If you’ve enjoyed working from home during the pandemic — no commute, cooking lunch in your own kitchen or being around family more often — the chief executive of WeWork has some thoughts about you.
“Those who are least engaged are very comfortable working from home,” Sandeep Mathrani, the C.E.O. of WeWork said at a Wall Street Journal event on Wednesday. “Those who are überly engaged with the company want to go to the office two-thirds of the time, at least.”
“People are happier when they come to work,” he added.
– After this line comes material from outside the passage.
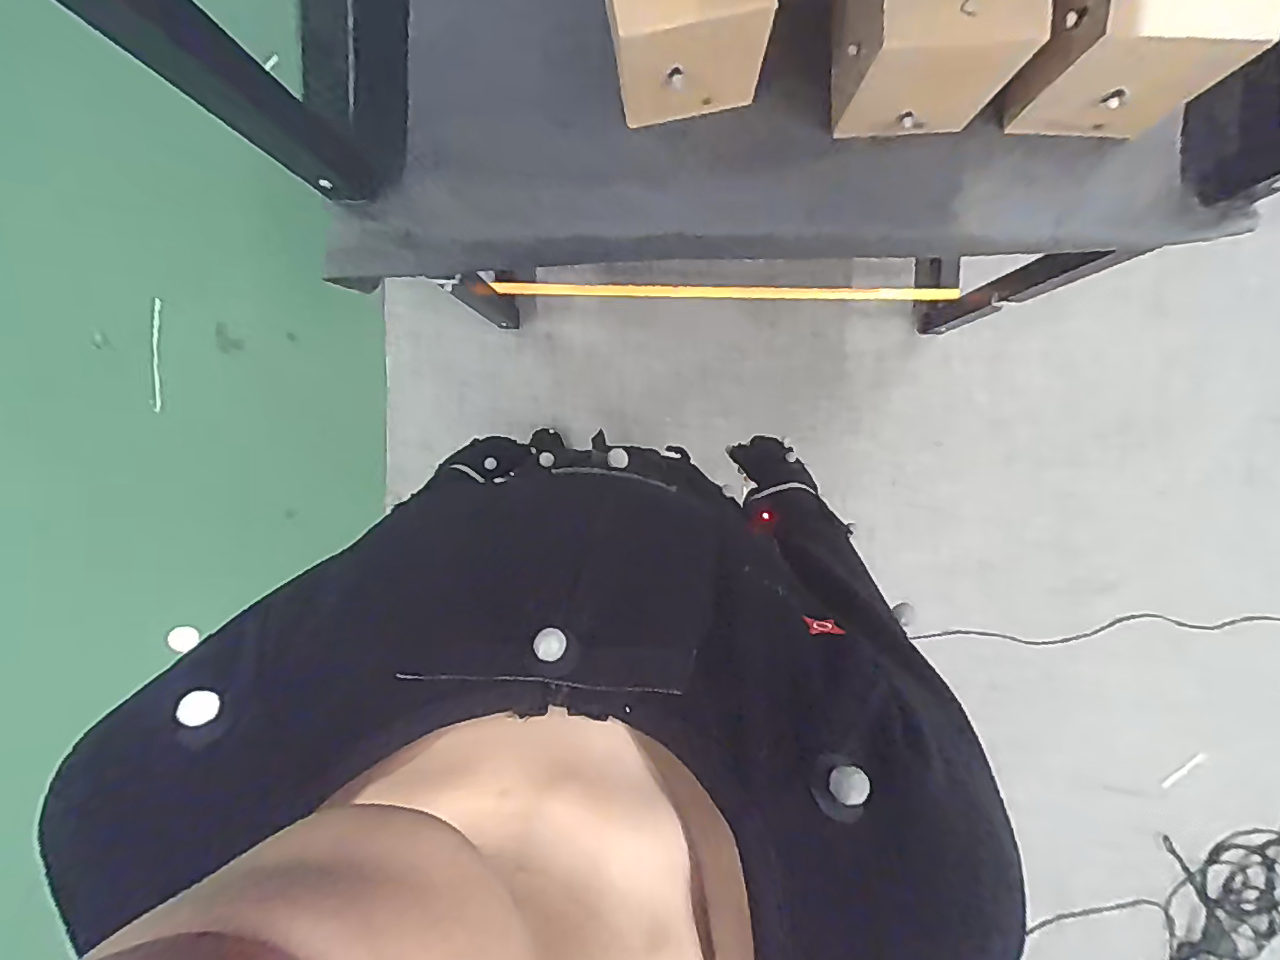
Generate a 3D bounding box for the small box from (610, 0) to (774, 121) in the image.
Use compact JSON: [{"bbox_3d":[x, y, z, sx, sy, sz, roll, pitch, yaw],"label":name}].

The company is betting on people wanting to — or being required to — work outside of their homes once it is safe to do so widely.
His comments were not received well by many online as many companies and employees consider the post-Covid-19 workplace after more than a year of doing their jobs from home.
“I wonder why the C.E.O. of a company that rents office space would say this,” wrote one Twitter user.
Others noted that working from home has benefited parents and has improved some workers’ mental health.
Ann Johnson, a corporate vice president at Microsoft, wrote: “If the only way you can keep your employees engaged is by being in the office with them, you have a leadership issue — not an employee engagement issue.”
Google said this month that it would relax its remote work protocols and that it expected 20 percent of its employees to work remotely after its offices reopen. The tech giant had previously been one of the industry’s holdouts on flexible remote work, and Insider reported that some employees had threatened to quit if they couldn’t keep working from home.